• [Task description]: Each record must appear in your answer exactly as it does below.

• [Data]:
==*==

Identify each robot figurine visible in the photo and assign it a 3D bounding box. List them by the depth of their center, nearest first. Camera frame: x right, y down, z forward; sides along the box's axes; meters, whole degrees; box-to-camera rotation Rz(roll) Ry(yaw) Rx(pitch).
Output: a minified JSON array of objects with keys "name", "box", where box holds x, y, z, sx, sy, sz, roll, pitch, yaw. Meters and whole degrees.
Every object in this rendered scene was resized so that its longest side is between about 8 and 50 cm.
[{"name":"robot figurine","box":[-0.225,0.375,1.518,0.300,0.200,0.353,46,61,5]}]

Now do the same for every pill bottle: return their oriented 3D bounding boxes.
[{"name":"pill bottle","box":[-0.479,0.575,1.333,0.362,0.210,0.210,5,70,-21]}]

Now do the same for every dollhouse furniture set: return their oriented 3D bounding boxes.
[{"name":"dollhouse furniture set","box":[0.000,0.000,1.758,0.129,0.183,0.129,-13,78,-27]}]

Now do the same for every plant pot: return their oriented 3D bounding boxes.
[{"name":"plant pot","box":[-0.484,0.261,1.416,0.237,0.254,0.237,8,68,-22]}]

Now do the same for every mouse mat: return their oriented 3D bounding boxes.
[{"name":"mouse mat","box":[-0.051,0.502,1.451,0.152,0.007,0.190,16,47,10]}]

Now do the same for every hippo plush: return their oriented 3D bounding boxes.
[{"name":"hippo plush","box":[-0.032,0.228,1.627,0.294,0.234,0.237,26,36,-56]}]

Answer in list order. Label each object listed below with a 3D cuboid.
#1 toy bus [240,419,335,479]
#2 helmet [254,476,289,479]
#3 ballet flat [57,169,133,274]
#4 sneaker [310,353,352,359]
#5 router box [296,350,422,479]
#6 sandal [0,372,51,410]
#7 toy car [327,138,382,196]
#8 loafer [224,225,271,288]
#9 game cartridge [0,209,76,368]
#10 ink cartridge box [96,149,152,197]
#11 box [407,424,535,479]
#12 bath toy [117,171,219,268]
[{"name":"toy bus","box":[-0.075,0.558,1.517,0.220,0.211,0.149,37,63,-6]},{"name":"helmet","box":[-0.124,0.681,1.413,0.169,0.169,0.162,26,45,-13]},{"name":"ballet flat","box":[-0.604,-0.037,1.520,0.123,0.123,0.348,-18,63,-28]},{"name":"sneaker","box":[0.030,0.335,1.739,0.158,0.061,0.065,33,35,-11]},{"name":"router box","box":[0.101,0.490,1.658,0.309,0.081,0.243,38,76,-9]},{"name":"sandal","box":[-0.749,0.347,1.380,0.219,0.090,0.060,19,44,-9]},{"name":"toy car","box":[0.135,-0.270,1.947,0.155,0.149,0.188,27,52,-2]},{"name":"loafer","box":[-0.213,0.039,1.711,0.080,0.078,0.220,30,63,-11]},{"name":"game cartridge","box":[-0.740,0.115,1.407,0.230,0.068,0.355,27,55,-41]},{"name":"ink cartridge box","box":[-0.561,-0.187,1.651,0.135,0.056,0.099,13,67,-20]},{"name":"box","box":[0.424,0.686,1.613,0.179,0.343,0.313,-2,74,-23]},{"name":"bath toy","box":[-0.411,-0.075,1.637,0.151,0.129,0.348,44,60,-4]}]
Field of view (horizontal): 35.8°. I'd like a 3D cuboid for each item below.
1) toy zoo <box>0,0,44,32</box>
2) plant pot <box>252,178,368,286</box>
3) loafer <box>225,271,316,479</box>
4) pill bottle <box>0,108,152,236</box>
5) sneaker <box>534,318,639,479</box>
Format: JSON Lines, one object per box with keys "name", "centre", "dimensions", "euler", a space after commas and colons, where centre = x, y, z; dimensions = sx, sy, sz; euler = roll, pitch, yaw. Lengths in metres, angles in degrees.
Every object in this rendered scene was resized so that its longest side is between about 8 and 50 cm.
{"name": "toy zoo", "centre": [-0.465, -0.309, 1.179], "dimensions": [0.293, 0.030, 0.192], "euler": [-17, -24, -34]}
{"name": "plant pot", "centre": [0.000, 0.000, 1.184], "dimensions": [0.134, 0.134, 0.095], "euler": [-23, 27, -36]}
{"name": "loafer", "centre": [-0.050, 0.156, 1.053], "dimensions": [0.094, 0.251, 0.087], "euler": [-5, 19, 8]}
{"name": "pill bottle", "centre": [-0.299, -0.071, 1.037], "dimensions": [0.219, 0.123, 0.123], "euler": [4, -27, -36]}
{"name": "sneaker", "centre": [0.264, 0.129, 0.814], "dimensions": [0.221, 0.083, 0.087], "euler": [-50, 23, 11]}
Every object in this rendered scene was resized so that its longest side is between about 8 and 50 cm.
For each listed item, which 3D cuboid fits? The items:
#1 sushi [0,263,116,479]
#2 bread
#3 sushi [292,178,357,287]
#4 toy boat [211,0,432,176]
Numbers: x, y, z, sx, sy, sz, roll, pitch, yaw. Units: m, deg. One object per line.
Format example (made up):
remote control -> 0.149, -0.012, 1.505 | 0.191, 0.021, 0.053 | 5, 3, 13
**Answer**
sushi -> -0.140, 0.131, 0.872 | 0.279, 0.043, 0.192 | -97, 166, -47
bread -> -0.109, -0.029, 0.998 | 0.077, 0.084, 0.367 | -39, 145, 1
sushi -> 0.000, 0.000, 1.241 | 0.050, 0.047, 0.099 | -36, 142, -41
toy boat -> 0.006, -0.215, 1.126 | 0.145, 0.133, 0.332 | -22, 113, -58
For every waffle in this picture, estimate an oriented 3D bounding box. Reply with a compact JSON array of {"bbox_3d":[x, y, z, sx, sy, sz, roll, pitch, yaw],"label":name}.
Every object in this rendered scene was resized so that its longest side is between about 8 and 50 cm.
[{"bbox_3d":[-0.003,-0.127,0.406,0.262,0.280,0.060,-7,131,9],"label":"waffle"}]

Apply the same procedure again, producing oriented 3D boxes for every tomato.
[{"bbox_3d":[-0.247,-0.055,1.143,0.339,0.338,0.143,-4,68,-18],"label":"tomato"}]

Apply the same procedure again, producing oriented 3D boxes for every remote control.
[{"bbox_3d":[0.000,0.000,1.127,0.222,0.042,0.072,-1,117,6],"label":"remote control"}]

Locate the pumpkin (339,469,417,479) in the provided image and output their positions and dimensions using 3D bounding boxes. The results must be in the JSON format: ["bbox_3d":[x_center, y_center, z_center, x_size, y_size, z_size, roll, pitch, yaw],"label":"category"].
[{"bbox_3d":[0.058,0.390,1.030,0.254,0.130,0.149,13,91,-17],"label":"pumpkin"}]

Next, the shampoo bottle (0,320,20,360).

==*==

• [Reply]:
Identify each robot figurine visible in the photo and assign it a 3D bounding box. List them by the depth of their center, nearest first. Camera frame: x right, y down, z forward; sides along the box's axes; meters, whole degrees; box-to-camera rotation Rz(roll) Ry(yaw) Rx(pitch).
Output: a minified JSON array of objects with keys "name", "box", where box holds x, y, z, sx, sy, sz, roll, pitch, yaw. Meters and whole degrees.
Every object in this rendered scene was resized so that its longest side is between about 8 and 50 cm.
[{"name":"robot figurine","box":[-0.225,0.375,1.518,0.300,0.200,0.353,46,61,5]}]

Now do the same for every pill bottle: return their oriented 3D bounding boxes.
[{"name":"pill bottle","box":[-0.479,0.575,1.333,0.362,0.210,0.210,5,70,-21]}]

Now do the same for every dollhouse furniture set: return their oriented 3D bounding boxes.
[{"name":"dollhouse furniture set","box":[0.000,0.000,1.758,0.129,0.183,0.129,-13,78,-27]}]

Now do the same for every plant pot: return their oriented 3D bounding boxes.
[{"name":"plant pot","box":[-0.484,0.261,1.416,0.237,0.254,0.237,8,68,-22]}]

Now do the same for every mouse mat: return their oriented 3D bounding boxes.
[{"name":"mouse mat","box":[-0.051,0.502,1.451,0.152,0.007,0.190,16,47,10]}]

Now do the same for every hippo plush: return their oriented 3D bounding boxes.
[{"name":"hippo plush","box":[-0.032,0.228,1.627,0.294,0.234,0.237,26,36,-56]}]

Answer in list order. Label each object listed below with a 3D cuboid.
#1 toy bus [240,419,335,479]
#2 helmet [254,476,289,479]
#3 ballet flat [57,169,133,274]
#4 sneaker [310,353,352,359]
#5 router box [296,350,422,479]
#6 sandal [0,372,51,410]
#7 toy car [327,138,382,196]
#8 loafer [224,225,271,288]
#9 game cartridge [0,209,76,368]
#10 ink cartridge box [96,149,152,197]
#11 box [407,424,535,479]
#12 bath toy [117,171,219,268]
[{"name":"toy bus","box":[-0.075,0.558,1.517,0.220,0.211,0.149,37,63,-6]},{"name":"helmet","box":[-0.124,0.681,1.413,0.169,0.169,0.162,26,45,-13]},{"name":"ballet flat","box":[-0.604,-0.037,1.520,0.123,0.123,0.348,-18,63,-28]},{"name":"sneaker","box":[0.030,0.335,1.739,0.158,0.061,0.065,33,35,-11]},{"name":"router box","box":[0.101,0.490,1.658,0.309,0.081,0.243,38,76,-9]},{"name":"sandal","box":[-0.749,0.347,1.380,0.219,0.090,0.060,19,44,-9]},{"name":"toy car","box":[0.135,-0.270,1.947,0.155,0.149,0.188,27,52,-2]},{"name":"loafer","box":[-0.213,0.039,1.711,0.080,0.078,0.220,30,63,-11]},{"name":"game cartridge","box":[-0.740,0.115,1.407,0.230,0.068,0.355,27,55,-41]},{"name":"ink cartridge box","box":[-0.561,-0.187,1.651,0.135,0.056,0.099,13,67,-20]},{"name":"box","box":[0.424,0.686,1.613,0.179,0.343,0.313,-2,74,-23]},{"name":"bath toy","box":[-0.411,-0.075,1.637,0.151,0.129,0.348,44,60,-4]}]
Field of view (horizontal): 35.8°. I'd like a 3D cuboid for each item below.
1) toy zoo <box>0,0,44,32</box>
2) plant pot <box>252,178,368,286</box>
3) loafer <box>225,271,316,479</box>
4) pill bottle <box>0,108,152,236</box>
5) sneaker <box>534,318,639,479</box>
Format: JSON Lines, one object per box with keys "name", "centre", "dimensions", "euler", a space after commas and colons, where centre = x, y, z; dimensions = sx, sy, sz; euler = roll, pitch, yaw. Lengths in metres, angles in degrees.
Every object in this rendered scene was resized so that its longest side is between about 8 and 50 cm.
{"name": "toy zoo", "centre": [-0.465, -0.309, 1.179], "dimensions": [0.293, 0.030, 0.192], "euler": [-17, -24, -34]}
{"name": "plant pot", "centre": [0.000, 0.000, 1.184], "dimensions": [0.134, 0.134, 0.095], "euler": [-23, 27, -36]}
{"name": "loafer", "centre": [-0.050, 0.156, 1.053], "dimensions": [0.094, 0.251, 0.087], "euler": [-5, 19, 8]}
{"name": "pill bottle", "centre": [-0.299, -0.071, 1.037], "dimensions": [0.219, 0.123, 0.123], "euler": [4, -27, -36]}
{"name": "sneaker", "centre": [0.264, 0.129, 0.814], "dimensions": [0.221, 0.083, 0.087], "euler": [-50, 23, 11]}
Every object in this rendered scene was resized so that its longest side is between about 8 and 50 cm.
For each listed item, which 3D cuboid fits? The items:
#1 sushi [0,263,116,479]
#2 bread
#3 sushi [292,178,357,287]
#4 toy boat [211,0,432,176]
Numbers: x, y, z, sx, sy, sz, roll, pitch, yaw. Units: m, deg. One object per line.
Format example (made up):
remote control -> 0.149, -0.012, 1.505 | 0.191, 0.021, 0.053 | 5, 3, 13
**Answer**
sushi -> -0.140, 0.131, 0.872 | 0.279, 0.043, 0.192 | -97, 166, -47
bread -> -0.109, -0.029, 0.998 | 0.077, 0.084, 0.367 | -39, 145, 1
sushi -> 0.000, 0.000, 1.241 | 0.050, 0.047, 0.099 | -36, 142, -41
toy boat -> 0.006, -0.215, 1.126 | 0.145, 0.133, 0.332 | -22, 113, -58
For every waffle in this picture, estimate an oriented 3D bounding box. Reply with a compact JSON array of {"bbox_3d":[x, y, z, sx, sy, sz, roll, pitch, yaw],"label":name}.
Every object in this rendered scene was resized so that its longest side is between about 8 and 50 cm.
[{"bbox_3d":[-0.003,-0.127,0.406,0.262,0.280,0.060,-7,131,9],"label":"waffle"}]

Apply the same procedure again, producing oriented 3D boxes for every tomato.
[{"bbox_3d":[-0.247,-0.055,1.143,0.339,0.338,0.143,-4,68,-18],"label":"tomato"}]

Apply the same procedure again, producing oriented 3D boxes for every remote control.
[{"bbox_3d":[0.000,0.000,1.127,0.222,0.042,0.072,-1,117,6],"label":"remote control"}]

Locate the pumpkin (339,469,417,479) in the provided image and output their positions and dimensions using 3D bounding boxes. The results must be in the JSON format: ["bbox_3d":[x_center, y_center, z_center, x_size, y_size, z_size, roll, pitch, yaw],"label":"category"].
[{"bbox_3d":[0.058,0.390,1.030,0.254,0.130,0.149,13,91,-17],"label":"pumpkin"}]

Next, the shampoo bottle (0,320,20,360).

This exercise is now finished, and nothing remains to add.